In addition to the text on this page, there is a program contained in the IDE applet to calculate a table of Celsius to Fahrenheit conversions. The goal of this page is to introduce the operation of the IDE applet and the behaviour of the program. To see a complete execution of the Celsius to Fahrenheit program, click on the Start button in the IDE applet. The program's output should appear in the Program's Input/Output area in the IDE applet. To see the program execute only a single statement, click on the Step button. Notice that there is a mark showing the next statement to be executed.


It is important to note that knowledge of the toolkit is not necessary to use the IDE applet. A user of the applet would only need to know the Pascal programming language. The HTML tag for the IDE applet is:

<applet code=ide.class archive=Mun.zip width=550 height=500>
<param name="program_source" value="first.p"> 
<param name="display_environment" value="off">
The first.p file is the source of the sample Pascal program.

Providing an example program where some of the expressions or statements need to be filled in can be an effective teaching technique. The toolkit provides the ability to describe a program with regions that need to be completed. Figure 5 shows such a program. The text typed into these regions is complied and merged in with the data structure used to interpret the program. This feature allows the instructor to construct examples where the student must complete to create a fully functioning program. Thus, an incremental approach in teaching many programming concepts can be followed (i.e., the student can modify code snippets without having to completely master the programming language's syntax).

Figure 5: A partial program that the student must complete

3. Other Possible Applets

An IDE applet is not the only possible applet that can be created with the toolkit to aid in teaching programming. A brief description of other possibilities follow.

The IDE applet provides extensive control to the user over the program's execution. In some cases, not all of this control is required. This observation leads to the design of applets with more restrictive controls or views of the program's state. Some of the possible restricted applets are:
an applet with a code view, input/output view, and a start/stop button (e.g., this applet could be used in an introductory section to illustrate the behaviour of a simple program without having to explain the operation of the IDE),
an applet with a code view, a display of a set of variables, and a start/stop button (e.g., this applet could be used to introduce program tracing),
an applet with only an input/output view,
and an almost complete IDE applet with restrictions on the active controls (i.e., Set/Clear Break would not be available).

Restricted IDE applets allow for the creation of more specific examples that are not cluttered with extraneous details. A more gradual approach can be used, where new features are only introduced as required. An algorithm animation applet illustrates an example in which reduced control would be beneficial. The student could simply press a play button. While the applet with only an input/output view could be implemented by a Java applet directly or a Java Script program, it does allow the instructor the possibility to staying in the same framework.

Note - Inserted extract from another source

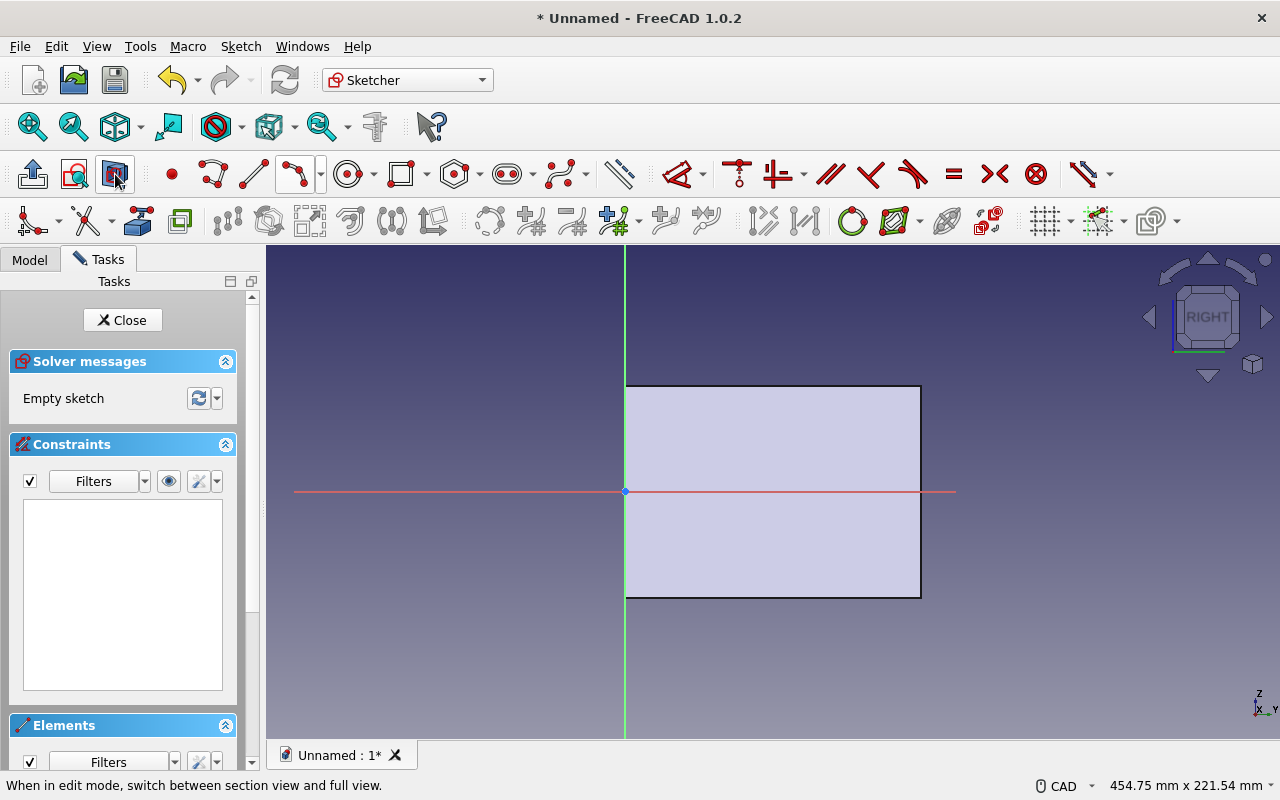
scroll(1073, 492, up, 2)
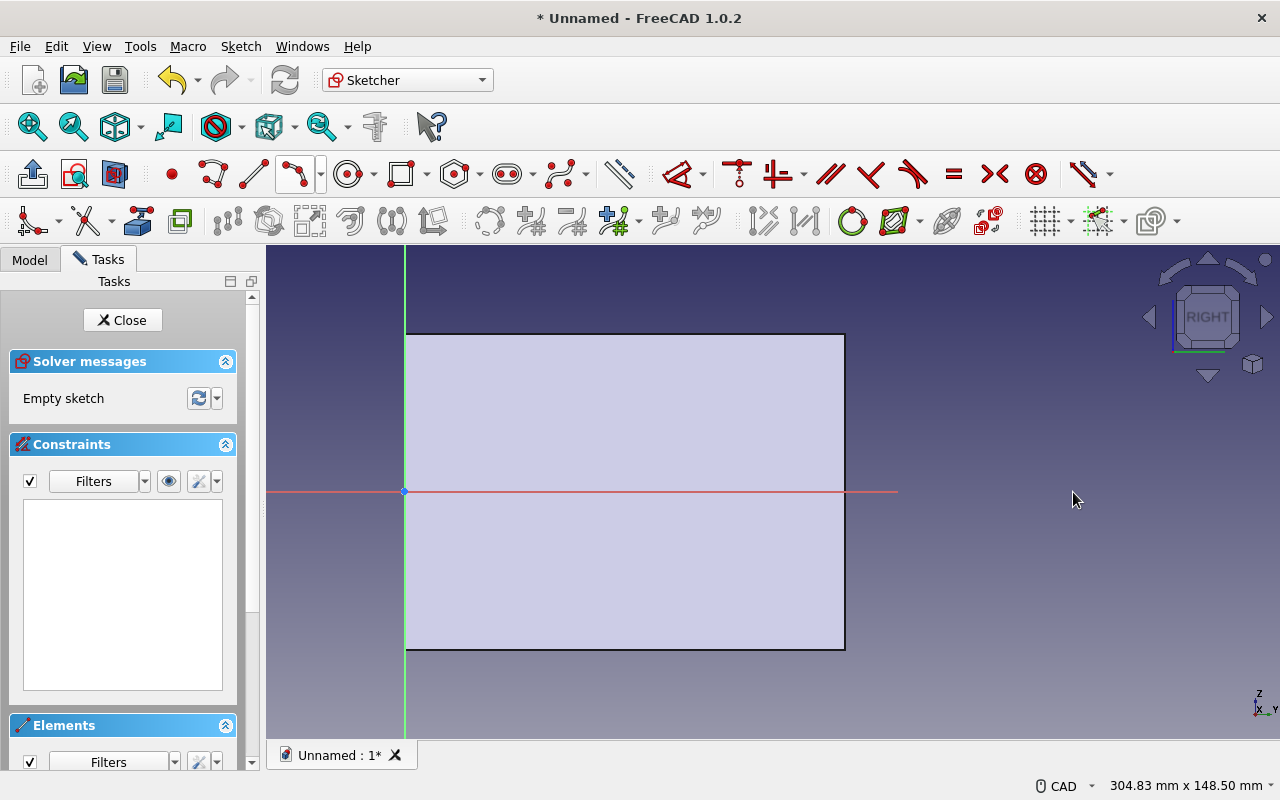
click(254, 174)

Demonstrating concurrency in operating system courses can be challenging. The toolkit can construct an example containing two code views and a display of the common program variables. Many concurrency issues can be demonstrated with this applet. For example, the problem of implementing correct mutual exclusion algorithms can be demonstrated by providing a sample algorithm that the students can interactively executed to see where problems arise.

Another possible role for the toolkit is in the construction of online quizzes. Since the interpreter in the toolkit has complete control over the execution environment, a program with statements that have to be filled-in could be used as part of an online quiz. The student would have to complete the missing section, then start the interpreter, the online quiz applet could then examine the programs state and determine if the student had answered correctly. The result could be reported to the student and/or sent to a marker.

4. The Toolkit's Architecture

The Web has provided a set of standards (HTML, HTTP) that allow documents and other material to be easily distributed via the Internet. This in turn has allowed entire courses and supplementary material to be made easily available. The main goal of the teaching programming toolkit is the creation of a set of Java packages that enable the building of Java applets to teach programming skills. These applets would be part of a set of documents placed on the Web to help the students learn programming skills. The main role of the applets would be to present the dynamic behaviour of programs to complement the static description. To fulfill this role the toolkit has the following capabilities:
display the execution of a high level programming language,
display the values of the program's variables,
display an animation using the program's variables,
control the execution of a program, and
parse and compile a high level programming language.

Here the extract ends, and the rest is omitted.